__Exercise prompt__. Return, without pictures, the lines from the start of the data through the one that contains "a) Number of".

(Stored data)
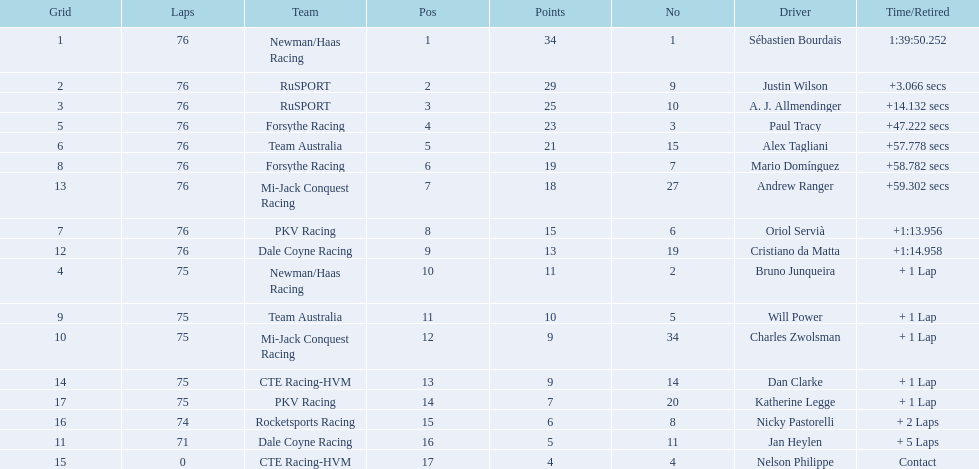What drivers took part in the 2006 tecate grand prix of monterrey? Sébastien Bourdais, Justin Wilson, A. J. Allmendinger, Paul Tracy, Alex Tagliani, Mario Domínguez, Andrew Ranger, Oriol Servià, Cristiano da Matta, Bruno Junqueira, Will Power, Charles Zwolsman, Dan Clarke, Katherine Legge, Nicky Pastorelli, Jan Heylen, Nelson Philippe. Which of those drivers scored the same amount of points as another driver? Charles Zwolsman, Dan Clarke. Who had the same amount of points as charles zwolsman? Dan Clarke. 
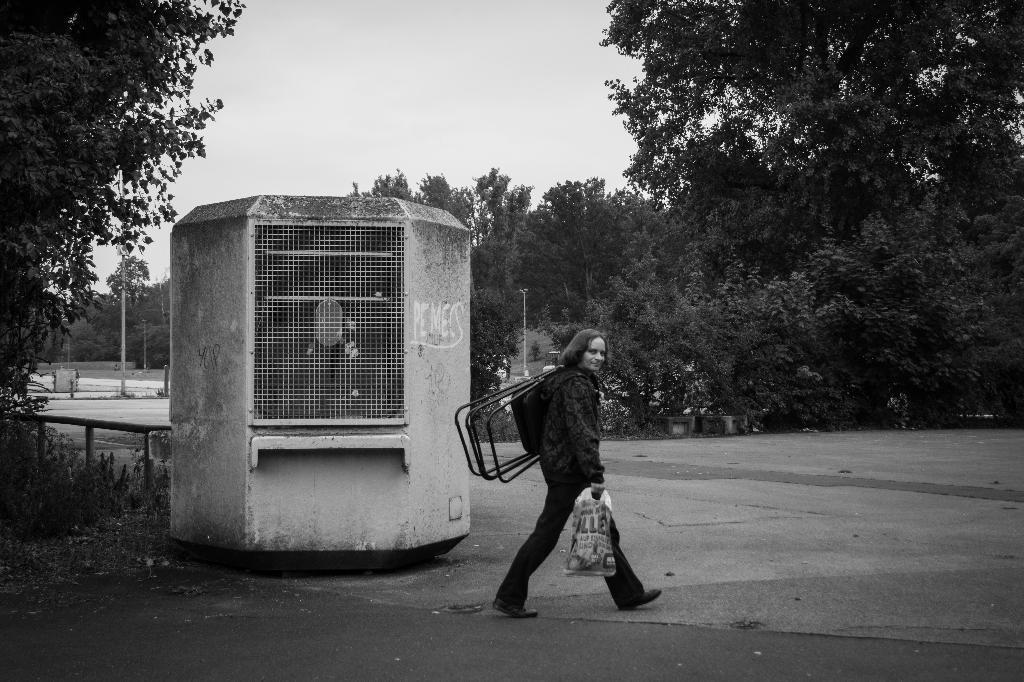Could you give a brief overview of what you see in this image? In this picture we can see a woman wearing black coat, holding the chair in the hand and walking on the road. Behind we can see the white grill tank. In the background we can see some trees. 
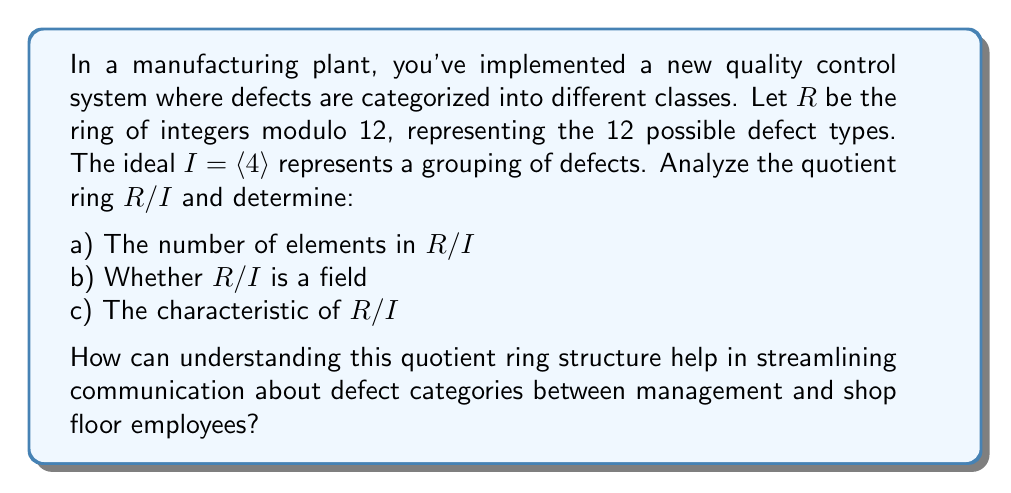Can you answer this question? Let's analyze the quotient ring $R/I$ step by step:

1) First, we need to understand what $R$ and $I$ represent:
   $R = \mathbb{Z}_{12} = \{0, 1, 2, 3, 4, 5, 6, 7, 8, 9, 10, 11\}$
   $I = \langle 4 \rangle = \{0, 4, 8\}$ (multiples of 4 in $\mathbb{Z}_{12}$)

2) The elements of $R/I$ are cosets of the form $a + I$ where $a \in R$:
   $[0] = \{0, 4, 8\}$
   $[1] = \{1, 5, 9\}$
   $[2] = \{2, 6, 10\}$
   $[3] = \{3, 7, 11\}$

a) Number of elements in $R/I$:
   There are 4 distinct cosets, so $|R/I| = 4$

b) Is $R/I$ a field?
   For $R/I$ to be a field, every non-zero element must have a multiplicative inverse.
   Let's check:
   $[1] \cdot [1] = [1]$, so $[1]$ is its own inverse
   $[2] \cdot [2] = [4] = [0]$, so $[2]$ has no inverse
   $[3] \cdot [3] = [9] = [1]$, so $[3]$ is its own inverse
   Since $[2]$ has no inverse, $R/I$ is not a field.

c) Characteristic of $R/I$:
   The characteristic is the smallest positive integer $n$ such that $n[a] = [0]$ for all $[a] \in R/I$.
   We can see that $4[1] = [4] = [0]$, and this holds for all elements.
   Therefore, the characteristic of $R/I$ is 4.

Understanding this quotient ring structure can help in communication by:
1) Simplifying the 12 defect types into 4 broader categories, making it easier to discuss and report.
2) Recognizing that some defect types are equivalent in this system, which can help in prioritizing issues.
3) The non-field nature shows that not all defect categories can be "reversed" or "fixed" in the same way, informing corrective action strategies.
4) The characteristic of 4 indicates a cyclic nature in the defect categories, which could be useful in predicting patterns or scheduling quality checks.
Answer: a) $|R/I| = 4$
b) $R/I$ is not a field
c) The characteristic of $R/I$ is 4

__Answer box__.
What drivers took part in the 2006 tecate grand prix of monterrey? Sébastien Bourdais, Justin Wilson, A. J. Allmendinger, Paul Tracy, Alex Tagliani, Mario Domínguez, Andrew Ranger, Oriol Servià, Cristiano da Matta, Bruno Junqueira, Will Power, Charles Zwolsman, Dan Clarke, Katherine Legge, Nicky Pastorelli, Jan Heylen, Nelson Philippe. Which of those drivers scored the same amount of points as another driver? Charles Zwolsman, Dan Clarke. Who had the same amount of points as charles zwolsman? Dan Clarke. 
Could you give a brief overview of what you see in this image? In this picture we can see a woman wearing black coat, holding the chair in the hand and walking on the road. Behind we can see the white grill tank. In the background we can see some trees. 
Can you answer this question? Let's analyze the quotient ring $R/I$ step by step:

1) First, we need to understand what $R$ and $I$ represent:
   $R = \mathbb{Z}_{12} = \{0, 1, 2, 3, 4, 5, 6, 7, 8, 9, 10, 11\}$
   $I = \langle 4 \rangle = \{0, 4, 8\}$ (multiples of 4 in $\mathbb{Z}_{12}$)

2) The elements of $R/I$ are cosets of the form $a + I$ where $a \in R$:
   $[0] = \{0, 4, 8\}$
   $[1] = \{1, 5, 9\}$
   $[2] = \{2, 6, 10\}$
   $[3] = \{3, 7, 11\}$

a) Number of elements in $R/I$:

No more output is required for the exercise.